CAPEC-459: Creating a Rogue Certification Authority Certificate

An adversary exploits a weakness resulting from using a hashing algorithm with weak collision resistance to generate certificate signing requests (CSR) that contain collision blocks in their "to be signed" parts. The adversary submits one CSR to be signed by a trusted certificate authority then uses the signed blob to make a second certificate appear signed by said certificate authority. Due to the hash collision, both certificates, though different, hash to the same value and so the signed blob works just as well in the second certificate. The net effect is that the adversary's second X.509 certificate, which the Certification Authority has never seen, is now signed and validated by that Certification Authority.

CAPEC-461: Web Services API Signature Forgery Leveraging Hash Function Extension Weakness

An adversary utilizes a hash function extension/padding weakness, to modify the parameters passed to the web service requesting authentication by generating their own call in order to generate a legitimate signature hash (as described in the notes), without knowledge of the secret token sometimes provided by the web service.

CAPEC-473: Signature Spoof

An attacker generates a message or datablock that causes the recipient to believe that the message or datablock was generated and cryptographically signed by an authoritative or reputable source, misleading a victim or victim operating system into performing malicious actions.

CAPEC-476: Signature Spoofing by Misrepresentation

An attacker exploits a weakness in the parsing or display code of the recipient software to generate a data blob containing a supposedly valid signature, but the signer's identity is falsely represented, which can lead to the attacker manipulating the recipient software or its victim user to perform compromising actions.

CAPEC-59: Session Credential Falsification through Prediction

This attack targets predictable session ID in order to gain privileges.
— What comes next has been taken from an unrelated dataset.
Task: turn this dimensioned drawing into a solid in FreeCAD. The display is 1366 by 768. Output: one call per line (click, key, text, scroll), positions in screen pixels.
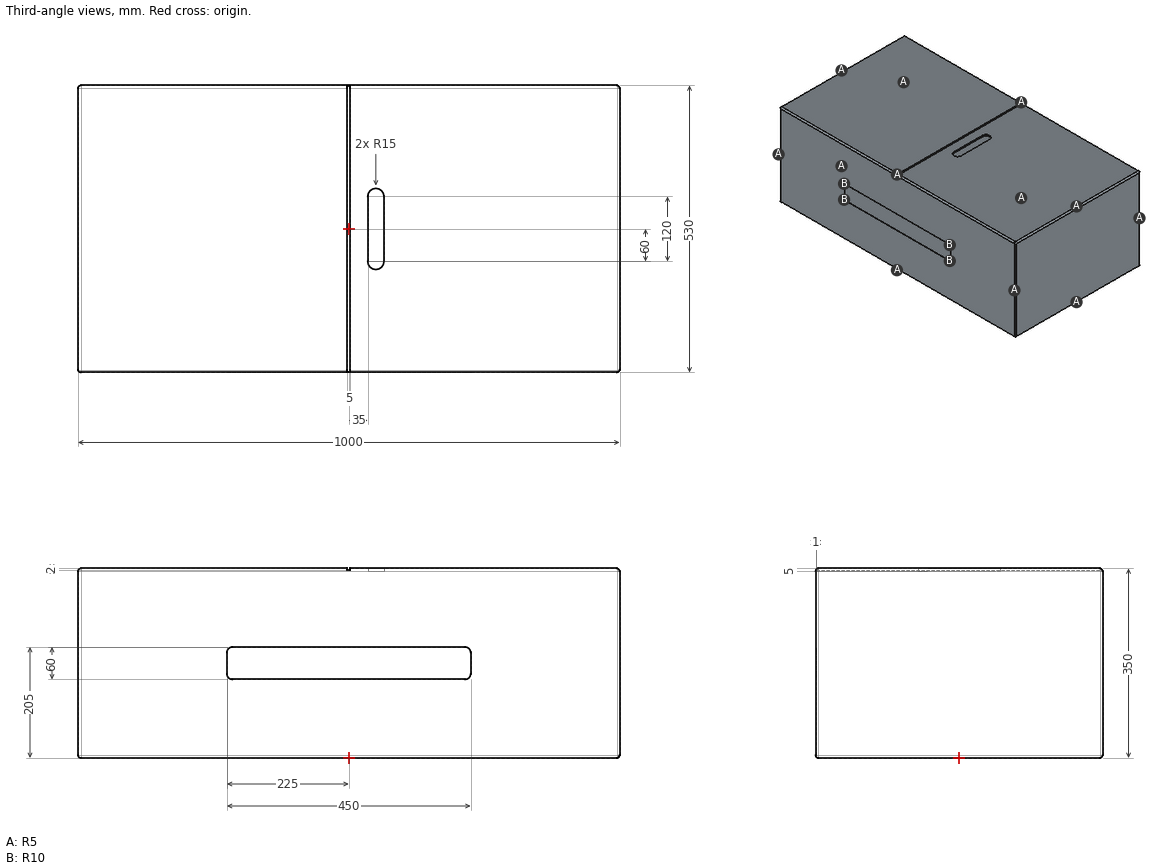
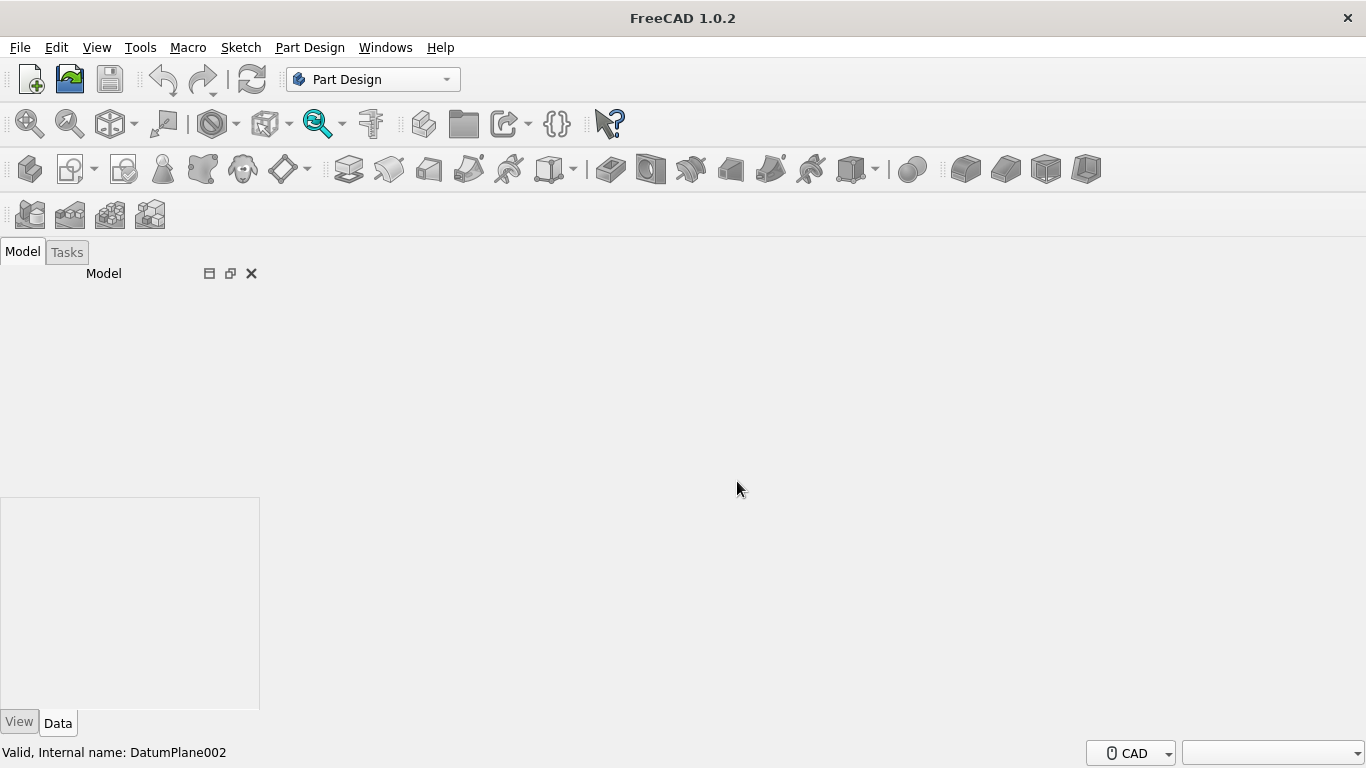
click(30, 80)

The attacker can predict the session ID used during a transaction to perform spoofing and session hijacking.

CAPEC-60: Reusing Session IDs (aka Session Replay)

This attack targets the reuse of valid session ID to spoof the target system in order to gain privileges. The attacker tries to reuse a stolen session ID used previously during a transaction to perform spoofing and session hijacking. Another name for this type of attack is Session Replay.

CAPEC-667: Bluetooth Impersonation AttackS (BIAS)

An adversary disguises the MAC address of their Bluetooth enabled device to one for which there exists an active and trusted connection and authenticates successfully. The adversary can then perform malicious actions on the target Bluetooth device depending on the target’s capabilities.

CAPEC-94: Adversary in the Middle (AiTM)

An adversary targets the communication between two components (typically client and server), in order to alter or obtain data from transactions. A general approach entails the adversary placing themself within the communication channel between the two components.